# Posting pics and text in new threads...new problems for past 2 days



## forluvofsmoke (Mar 2, 2011)

I ran a test thread this morning to see if inserting images would run for multiple pics without previewing after one or two (to avoid losing the uploads and text). I loaded 10 pics without failure. That issue appears to be corrected, thankfully.

The new problem for the past two days happens when I preview a new thread (including my test this morning): I need to refresh several times after hitting the preview button (or preview/refresh in multiples) in order for all the text and pics to show in the new thread and edit box. Sometimes the dreaded red "X" shows where pics should be, with other pics showing just fine, and some of the text may not appear. The missing items may happen in the thread preview or edit box, or both. I don't recall having this issue several days ago, so it's a new problem, possibly from the latest maintenance/uprades?

I've been running IE8 for the past sevral months as Firefox was causing other page editing problems at that time. Other than that, I've not changed anything on my end for months...same ISP, connection device, computer, etc.

Eric


----------



## SmokinAl (Mar 2, 2011)

I've been having some weird problems the last couple of day's as well, but I guess the're all related to an upgrade that's taking place.


----------



## tyotrain (Mar 2, 2011)

Ya same here


----------



## forluvofsmoke (Mar 3, 2011)

Yesterday's q-view I posted took a dump on me twice...loaded 1 pic, second pic stalled and I had to start over. Previewed after each pic after that to keep from losing the whole post.

Still had to refresh after previewing as well.

Eric


----------



## TulsaJeff (Mar 3, 2011)

Sorry for the problems folks.. it is related to the last upgrade and the bugs are being worked out. Should be better over the next day or so.We get great upgrades but unfortunately, the upgrades don't always play well with various browsers and sometimes these things don't always show up in the test environment.


----------



## forluvofsmoke (Mar 3, 2011)

Cool, Jeff..you guys do a great job staying on top of the bugs. I can't imagine how everything could work perfectly the first time around...way too much going on in one place at one time.

Hey, don't forget to take a _deep breath_ now and then...

Thanks,

Eric


----------



## the dude abides (Mar 5, 2011)

Hey y'all.

Been trying to start a new thread.  I'm not able to import photos or even to be able to "Submit" or "Preview" a new thread.

I can however import a pic in a reply as proved below. 

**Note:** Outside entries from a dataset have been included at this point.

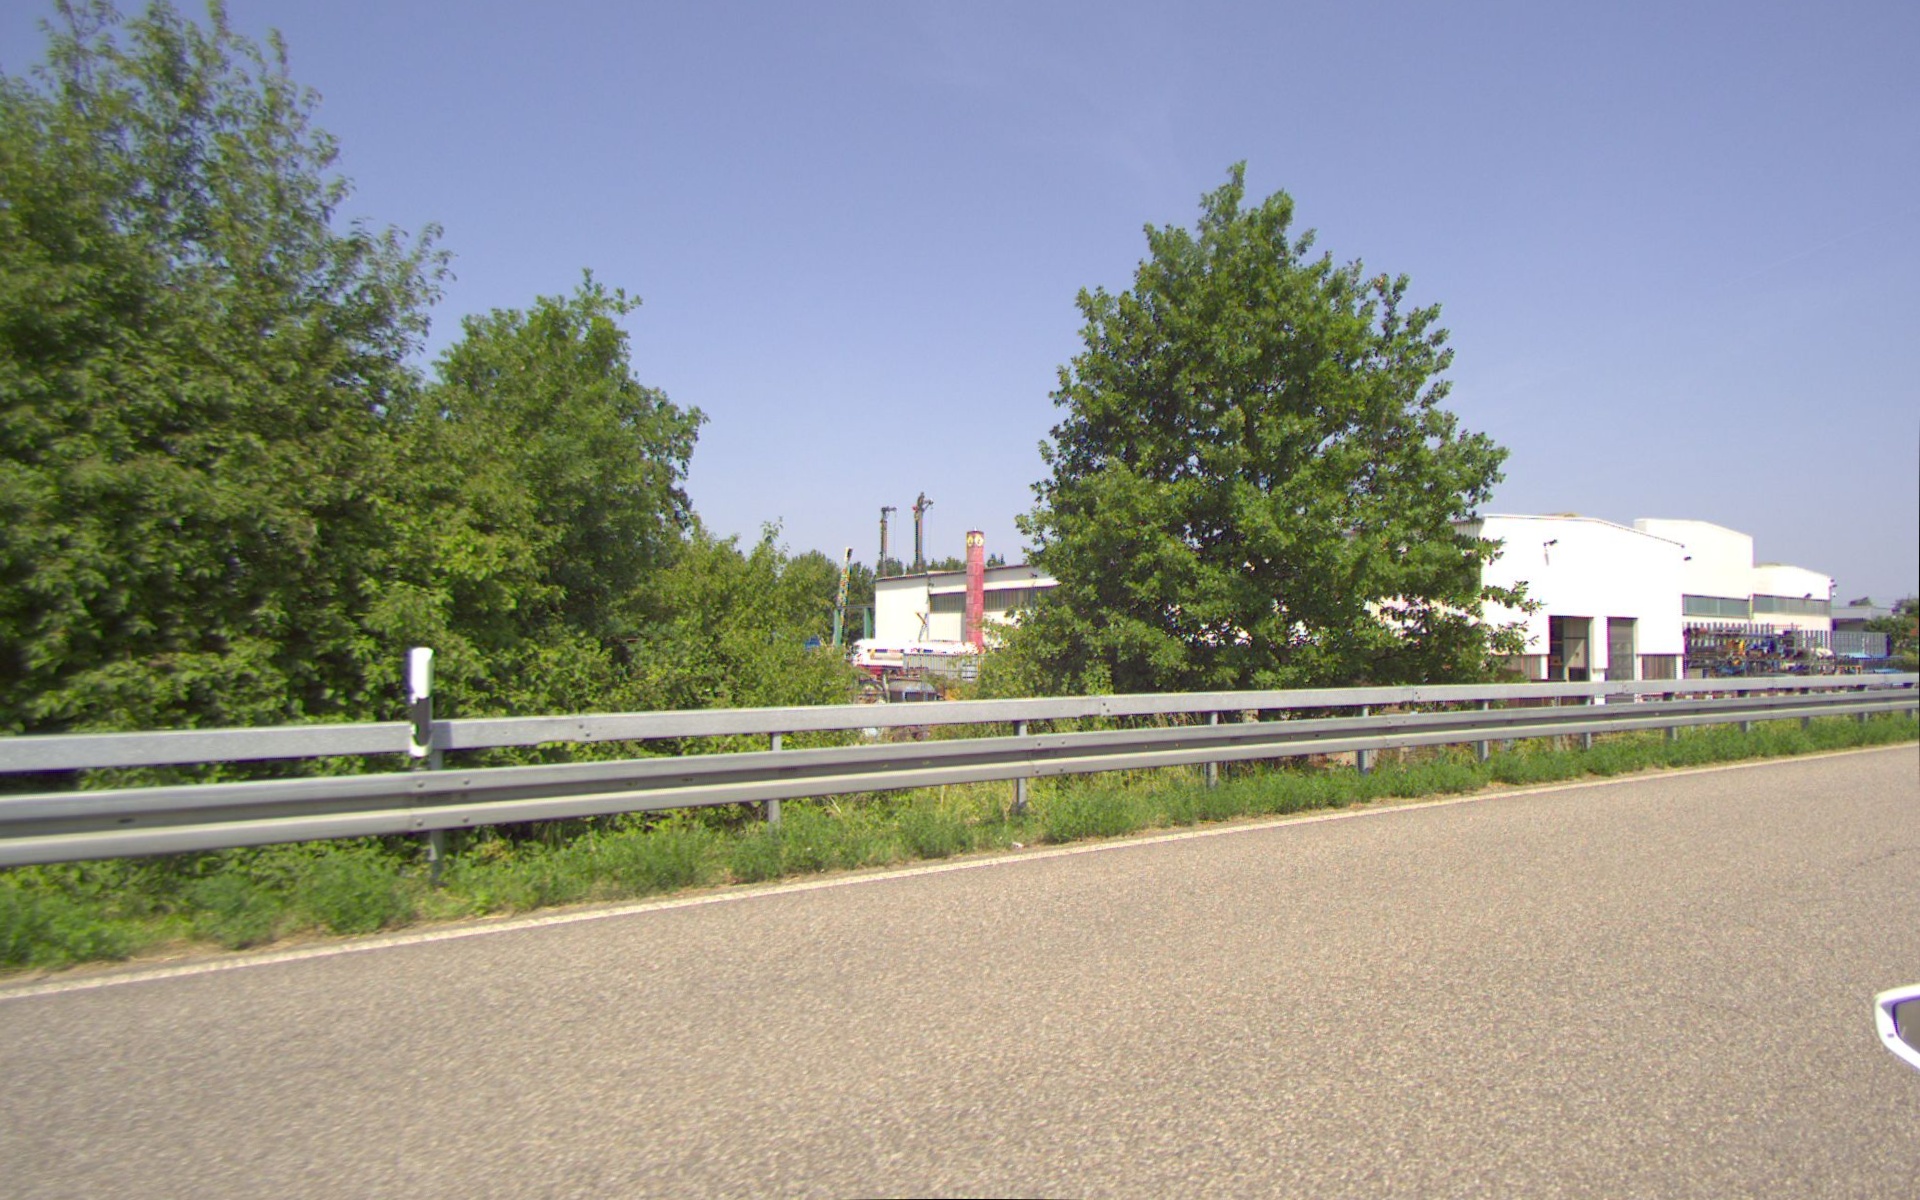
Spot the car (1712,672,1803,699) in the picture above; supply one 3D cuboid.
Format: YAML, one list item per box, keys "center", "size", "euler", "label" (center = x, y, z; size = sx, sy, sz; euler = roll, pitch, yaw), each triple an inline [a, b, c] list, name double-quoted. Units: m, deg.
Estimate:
- center: [48.691, 5.198, 61.394]
  size: [1.708, 1.540, 3.963]
  euler: [1, -5, -35]
  label: "car"

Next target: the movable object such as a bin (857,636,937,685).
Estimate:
- center: [-4.830, 4.514, 75.837]
  size: [3.153, 3.424, 7.084]
  euler: [1, -2, -31]
  label: "movable object such as a bin"

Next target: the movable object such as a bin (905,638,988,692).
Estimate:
- center: [-0.997, 4.378, 68.961]
  size: [3.151, 3.424, 6.075]
  euler: [1, -2, -30]
  label: "movable object such as a bin"

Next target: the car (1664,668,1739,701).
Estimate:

sure wish I could post this smoke.  It was a dandy.


----------



## SmokinAl (Mar 6, 2011)

Well now Dude it sure looks like a dandy! Wish we could have seen the whole show.


----------



## bpopovitz (Mar 8, 2011)

I'm having the same issue.  New threads wont allow me to post pics.  I can reply with pics though.

I.E. 7.0.6......

Windows Vista. 

I know old tech, but it works for me.

If i get to start a newe thread.  I'll follow up on this...


----------



## SmokinAl (Mar 9, 2011)

Dang Brian, That's some awesome looking roast beef you got there!


----------



## micmike (Mar 9, 2011)

The Dude Abides said:


> Hey y'all.
> 
> Been trying to start a new thread.  I'm not able to import photos or even to be able to "Submit" or "Preview" a new thread.
> 
> ...


I'm still trying to figure it out, Dude. Got a signature, but want to include my ABIDE avatar.

BTW, my pastrami event on Mar 20, will include a reviewing of TBL between drinks. White russians of course.

Take 'er easy.


----------